Diese Leichtfertigkeit zeigte sich auch in der gefälligen Berichterstattung über sogenannte „Umweltaktivisten“, die zentrale Kraftwerke stilllegen wollen – zuletzt das Mannheimer Großkraftwerk. Es versorgt nicht nur große Teile Baden-Württembergs mit Strom, sondern stabilisiert die Netze bundesweit, wenn mal der Wind nicht weht oder die Sonne nicht scheint – aber die Streikaufrufe und Stillegungsappelle trotzdem vervielfältigt werden. Ehrlich – wer braucht schon Strom, wo wir doch Haltung haben!
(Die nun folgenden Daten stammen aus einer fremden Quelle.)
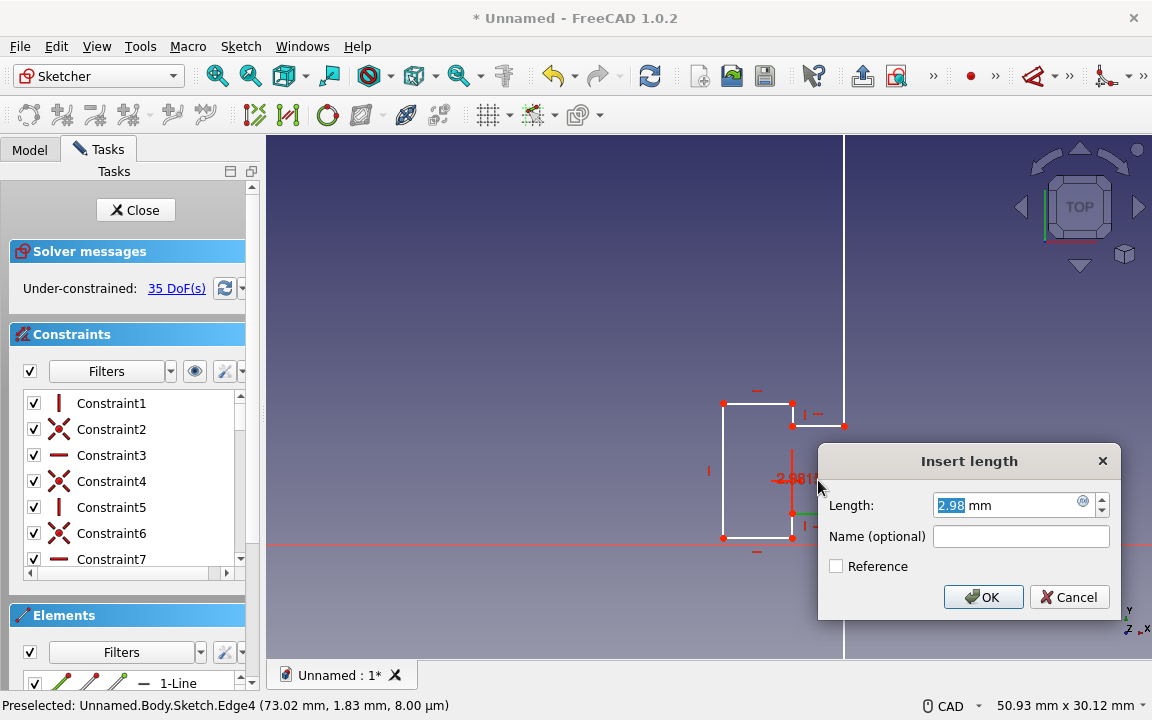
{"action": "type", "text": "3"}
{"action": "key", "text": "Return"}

Oder könnte es sein, dass die nehmenden Hände übersehen haben, das sie von gebenden Händen gut leben (schön im Englischen: makers and takers)? Wäre vielleicht ein Streik der ständig höher belasteten Bürger ein wichtiges „Haltung zeigen“, eine Demonstration, die deutlich macht, dass das lautlose Funktionieren nicht selbstverständlich ist? Aber das wäre vermutlich schon an der Grenze zum Gewaltaufruf. Sagen wir mal, wenn die Steuerzahler dagegen streiken, dass trotz Rekordsteuereinnahmen die Abgaben steigen und ständig neue Steuern erfunden werden wie CO2-Steuern und Fleischssteuern? Oder wenn die Beitragszahler in die Sozialkassen streiken, weil ihre Beiträge für Zuwanderer ausgeschüttet werden, aber nicht für Einzahler? Natürlich ist ein Streik der Steuer- und Beitragszahler ganz krass gesetzwidrig, schon der Aufruf dazu; der Zahler hat keine Rechte. Das lernt man allerdings erst als Erwachsener, dann aber ziemlich schnell.
Es könnte auch passieren, dass die Mitarbeiter in den verhassten Kohlekraftwerken mal von sich aus die Hitze drosseln. Mal schauen, wieviel Wind dann zusätzlich weht zum Ausgleich und ob dann die Sonne als Streikbrecher nächtens doch scheint. Wie wäre es mit einem Sitzstreik der alten, weißen Männer auf Busspur und Straßenbahngeleisen oder Hauptverkehrsadern, um ihren Teil zum „Geschlechterkampf“ beizutragen, wie es neuerdings heißt, aber einen neuen „Generationenkonflikt“ meint – deutsche Sprache ist eben vielfältig?
Das wäre doch eine Lehrstunde, die das Leben allerdings niemals bieten wird. Aber vielleicht kommt es ja auch anders. Pflichtgefühl ist anerzogen. Sie kann es aber auch mal lassen. Sie, die schweigende Mehrheit.